Traer is het meest voorkomende Spaanse werkwoord dat "meenemen" betekent. De stam verandert op een manier die niet gemakkelijk voorspelbaar is.
Andere werkwoorden die in hetzelfde patroon worden vervoegd, zijn onder meer abstraer (abstract denken), atraer (aantrekken), contraer (krimpen), distraer (afleiden), extraer (extraheren), retraer (om af te raden of in te trekken), en sustraer (verwijderen).
Onregelmatige vormen worden hieronder vetgedrukt weergegeven. Vertalingen worden gegeven als leidraad en in het echte leven kan variëren met de context.
traer (te brengen)
trayendo (Brengen)
traído (Ingesteld)
Aanwezig indicatief (presente del indicativo): yo traigo, tú traes, usted / él / ella trae, nosotros / as traemos, vosotros / as traéis, ustedes / ellos / ellas traen (ik breng, jij brengt, hij brengt, enz.)
yo traje, tú trajiste, usted / él / ella Trajo, nosotros / as trajimos, vosotros / as trajisteis, ustedes / ellos / Ellas trajeron (Ik bracht, jij bracht, zij bracht, etc.)

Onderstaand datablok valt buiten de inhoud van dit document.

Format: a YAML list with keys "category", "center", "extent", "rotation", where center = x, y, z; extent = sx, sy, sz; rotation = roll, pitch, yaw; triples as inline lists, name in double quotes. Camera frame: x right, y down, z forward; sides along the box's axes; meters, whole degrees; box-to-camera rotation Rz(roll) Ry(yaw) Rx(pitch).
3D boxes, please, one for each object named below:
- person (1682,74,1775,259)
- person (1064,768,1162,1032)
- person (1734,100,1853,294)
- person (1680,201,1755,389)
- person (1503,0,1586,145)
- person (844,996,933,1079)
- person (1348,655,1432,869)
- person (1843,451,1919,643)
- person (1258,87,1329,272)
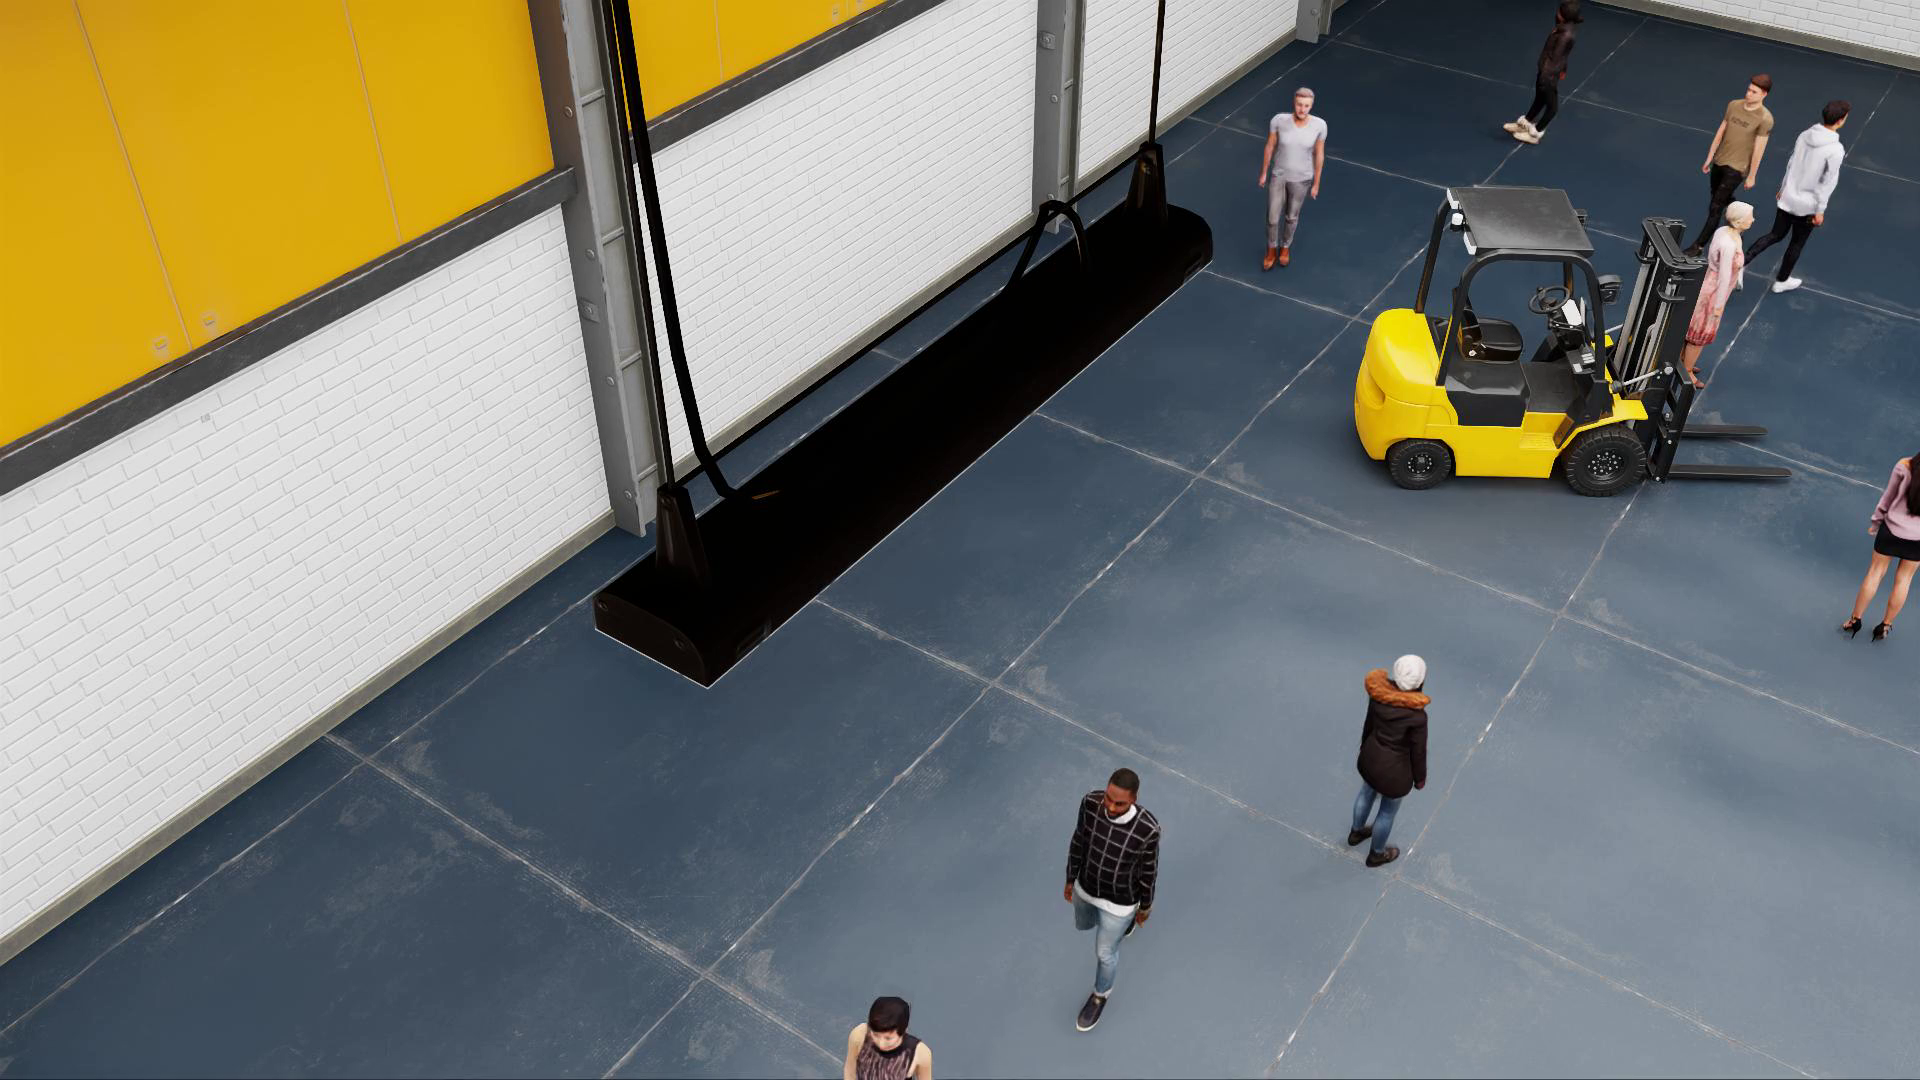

yo traía, tú traías, usted / él / ella traía, nosotros / as traíamos, vosotros / as traíais, ustedes / ellos / ellas traían (ik bracht, ik bracht, hij bracht, enz.)
yo traeré, tú traerás, usted / él / ella traerá, nosotros / as traeremos, vosotros / as traeréis, ustedes / ellos / ellas traerán (ik zal brengen, u zult brengen, hij zal brengen, enz.)
yo traería, tú traerías, usted / él / ella traería, nosotros / as traeríamos, vosotros / as traeríais, ustedes / ellos / ellas traerían (ik zou brengen, jij zou brengen, zij zou brengen, enz.)
que yo traiga, que tú traigas, que usted / él / ella traiga, que nosotros / as traigamos, que vosotros / as tragáis, que ustedes / ellos / ellas traigan (dat ik breng, dat u brengt, dat zij brengt, etc.)